In nearly every scene, Priscilla finds herself the subject of control, a kind of willful prisoner. In her family home, at least, there is the normal condition of parents who know what’s best for their child, although Elvis uses his celebrity and charisma to dismantle the nuclear family institution. The key difference between the West German base and Graceland is how, under the watchful eye of the Elvis Industrial Complex, Priscilla’s best interests are secondary to his. It is a disturbing situation made bearable by Coppola’s sense of drama, and the strength of the performances from Spaeny and Elordi. Many scenes involve Priscilla alone, nursing jealousies or testing the limits of her confinement. Like any prisoner—including Marie Antoinette—she finds true freedom in the little things that do not matter to the people watching her. The most revealing scenes involve Priscilla looking in mirrors, creating an interior life to compensate for her lack of control (together with cinematographer Philippe Le Sourd, Coppola opts for a muted palette of pale blues, drab browns, and soft grays that further suggests the need for a rich imagination).
The scenes between Priscilla and Elvis offer a warped sense of marital bliss. They are happy together, at least when Elvis dominates every situation, and at first Priscilla is so demure (or just young) she doesn’t mind. To her, it is perfectly normal to be dressed to her partner’s standards, to remain chaste until their marriage in 1967, eight years after their first meeting. (Beaulieu moved to Graceland in 1963.) Coppola, using the 1985 autobiography as the inspiration for her film, doesn’t need high drama to reveal the cracks in this untenable situation. There is a fascinating scene midway through the film where, during a pillow fight, Elvis gets too rough. He apologizes almost immediately, but not before saying he cannot abide a game where the man does not “win.” Priscilla does not blame herself, an improvement of her early impulse to internalize his mistakes. However, Elvis is so manipulative that, even into motherhood, Priscilla rationalizes and tolerates so much horrible conduct.
Spaeny and Elordi do not reveal the greatness of their performances right away. At first, they are merely convincing as a teenager and a heartthrob. Elordi’s Elvis could not be more different from Austin Butler’s: his musical talent is ancillary, and Elvis’ signature voice is more of a stutter than a drawl. (Luhrmann’s film cast Olivia DeJonge as Priscilla, but her role is significantly diminished.) Spaeny conveys a palpable mix of frustration and innocence. Those qualities develop and curdle as Priscilla continues, with the unhappy couple reckoning with a strange life as lonely, desperate adults. Bad habits become addictions, and they only find freedom apart, not together. By the time the film winds down and Priscilla has reached adult levels of self-determination, it’s remarkable that this woman and the naive girl could be played by the same person.

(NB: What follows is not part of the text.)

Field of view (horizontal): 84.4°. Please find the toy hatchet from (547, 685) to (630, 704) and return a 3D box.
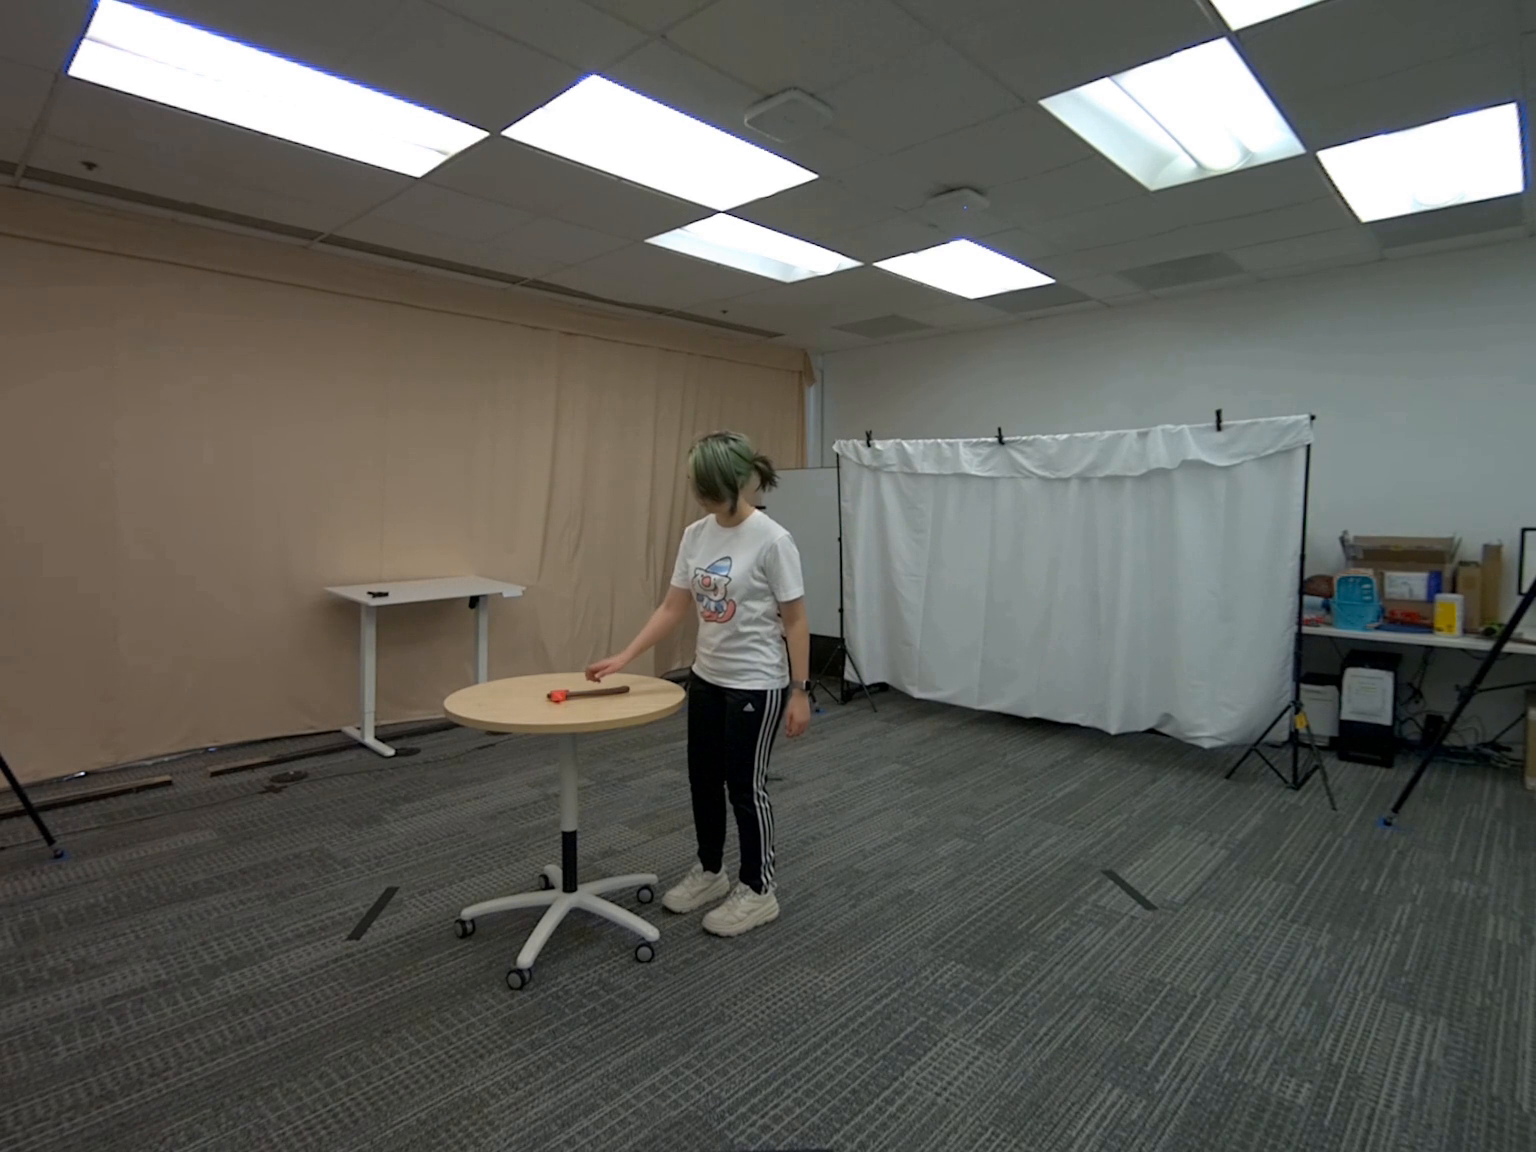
[{"bbox_3d":[-0.589,0.375,2.720,0.262,0.029,0.135,-1,0,-41],"label":"toy hatchet"}]

Priscilla has an unusual timeline for a biopic. Life unfolds for its subject slowly, dwelling on her teen years. Adulthood and her final decision to leave the marriage transpire with far less screen time. At first, this disproportionate attention seems to rob Priscilla of her agency, since she is so much more than a teenager who caught the attention of a celebrity. Then again, Priscilla has the wisdom to understand how seemingly mundane moments of youth carry more weight than the banality of adulthood. It is the same reason why we remember specific moments from our adolescence so acutely, and each subsequent decade seems to unfold faster than the last. That languid idea of youth must have been more acute for Priscilla because Elvis took more from her than he gave. Coppola recognizes the excitement and limits of adoration and puppy love, but between Elvis’ stature and the suggestion of Stockholm Syndrome, Priscilla could not see how she was suffocating. Therefore, Priscilla must acknowledge that suffocation for her, and us.
Priscilla opens in theaters nationwide on Nov. 3.